There are things that need to stay the same because everything else doesn’t. This attitude is sometimes called conservatism, which finally brings us to Charlton Heston. In his later years he wanted to conserve the second amendment to the constitution, which supposedly guarantees the right of private citizens in the US to own guns. People who want that amendment changed thought he was dangerous. I myself sympathized much more with them than with him. There is such a thing as an institution that needs to be abolished, because it is no longer any good. But there are other institutions that need to be kept. Some of those are obviously vital, and even those that might seem not to be can still have the inestimable value of providing us with a hand-hold in the storm.

Earlier in his life, Heston was a radical who wanted another constitutional principle conserved: that all are created equal. One of the tallest white champions for civil rights, he marched for justice in the open air and could easily have been shot by one of the people whose right to bear arms he later strove to protect. His memory should be respected for trying to conserve a principle so important. He’s more likely to be remembered for trying to conserve the gun laws, because he did that more recently, and only the recent counts. But that’s the very reason for trying to conserve things that are neither plainly crucial nor obviously noxious: just recognized parts of a civilized existence, and not to be replaced without adding to the uncertainties of which we already have a surfeit. You could call them the small change of life. There was a case for decimalizing the coinage. But for turning it into a jigsaw puzzle? Save us.

Postscript

One of the things I love about the essay form is the chance to introduce a few examples of fax’n’info, as it was called in my boyhood. Ideally the item of fax’n’info should be illustrative but also open up another field of interest, thereby enriching the texture. (A good rule for prose is: the shorter the piece, the more it should seem to have in it.) Note, in the piece above, the cunningly timed appearance of Picasso. Perhaps I should have equipped him with white shorts, a horizontally striped matelot shirt, and three lightly clad odalisques dancing in the background, but what I wanted to emphasize was his deep and lasting interest in money. He not only died rich, he set about getting rich quite early in his life, and even when leading the apparently carefree existence of a young bohemian he was a diligent student of his prices and the state of the art market. It never hurts for the idealistic young — I fancied that there might be a few of these among my listeners — to hear that their pleasant dreams of justice can’t be fully separated from the cash nexus. Or rather it can hurt, but the pain is salutary. Unless he makes a subject of his own early death, a genius needs money to keep going. The whole of civilization needs it, which means that one of the first things a civilization needs to produce is prosperity. Even an unusually canny mastermind like Picasso, however, can embody this principle in his own behaviour and yet still be clueless as to its truth.
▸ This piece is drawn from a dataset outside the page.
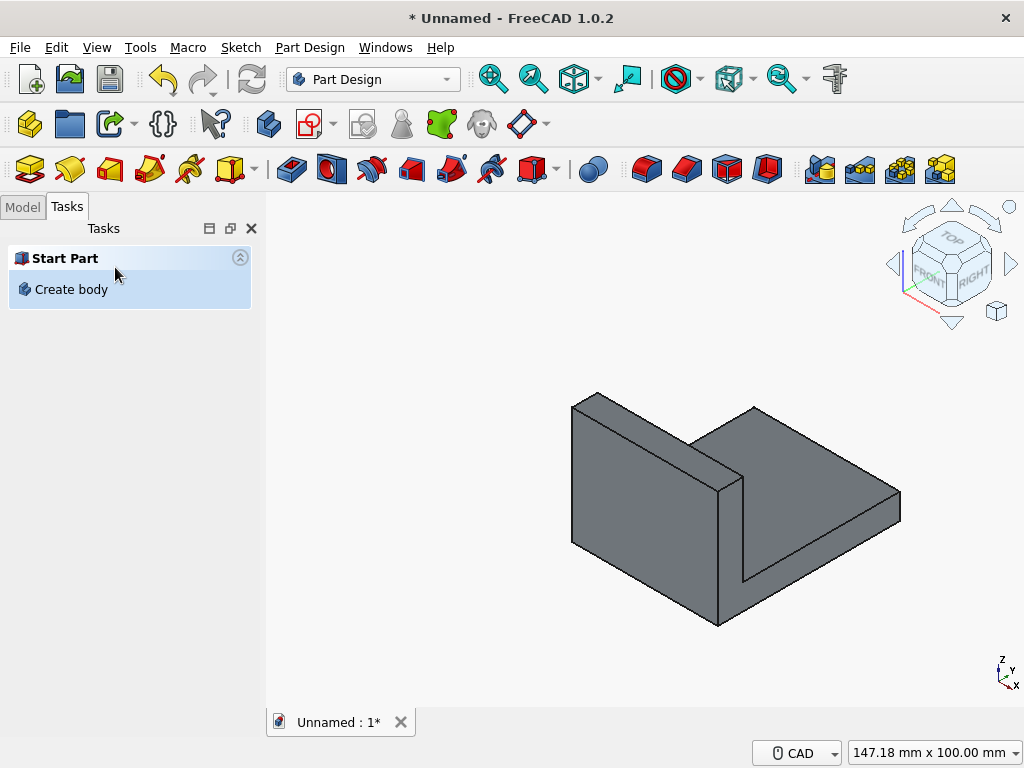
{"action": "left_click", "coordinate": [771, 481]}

I didn’t have room to tell those same young idealists that Picasso had been one of their number. Although he was the kind of communist who disguised his limousine as a taxi in order not to arouse class resentment, a communist he was. The fact that his personal tastes were in utter and irreconcilable conflict with his professed beliefs never bothered him. Some men, even great men, need time to grow up, and there are cases when the very greatest never grow up at all. On the whole we forgive them if they are painters; forgive them less if they are musicians; and forgive them least if they are writers. That final reluctance to forgive is because the writers put the lie into words, where the young might believe it, as if the text were transmitting a particular truth instead of expressing a general view of life. In music or a painting there is nothing to believe, only something to hear or see.